Artificial intelligence (AI) is a family of techniques where algorithms uncover or learn associations of predictive power from data. An algorithm is a step-by-step procedure for solving a problem. The most tangible form of AI is machine learning, which includes a family of techniques called deep learning that rely on multiple layers of representation of data and are thus able to represent complex relationships between inputs and outputs. However, learned representations are difficult for humans to interpret .
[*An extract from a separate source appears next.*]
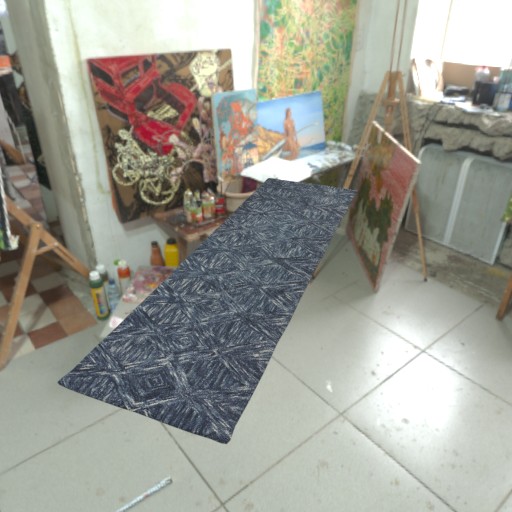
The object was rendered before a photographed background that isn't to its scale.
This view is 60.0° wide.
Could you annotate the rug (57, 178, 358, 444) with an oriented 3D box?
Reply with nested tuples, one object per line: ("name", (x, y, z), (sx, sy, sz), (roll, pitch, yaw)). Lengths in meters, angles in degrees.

AI is a potentially transformative tool for improving inference from data for care and population health . However, while AI has demonstrated substantial potential in clinical applications , few large-scale deployments exist, and there are concerns . First, AI is a misleading term. In practice it is more A than I. It is a defined process applied to ‘narrow inference tasks’ where large volumes of data are present and processing power is available to find associations. It is not, yet, a “general purpose” replacement for human intelligence or ingenuity. Second, whilst there are encouraging research findings in the use of AI in health care, little of this work has been applied in practice, rigorously evaluated or exposed to peer-reviewed publications, while widely publicised positive findings have been challenged . Third, where AI has been used in the broader economy, concerns have emerged regarding its negative consequences in relation to ‘bias’: where AI could amplify inequities in society. For example, in the United States more African Americans have been denied loans or granted longer prison sentences compared to their Caucasian counterparts . For many, the concern is not only that “algorithms are for the most part reflecting back the bias in our world” , but that they are doing so at potentially massive scale and without due oversight. Collectively, these shortcomings produce ‘algorithmic bias’, which at present, is not defined in the context of health systems.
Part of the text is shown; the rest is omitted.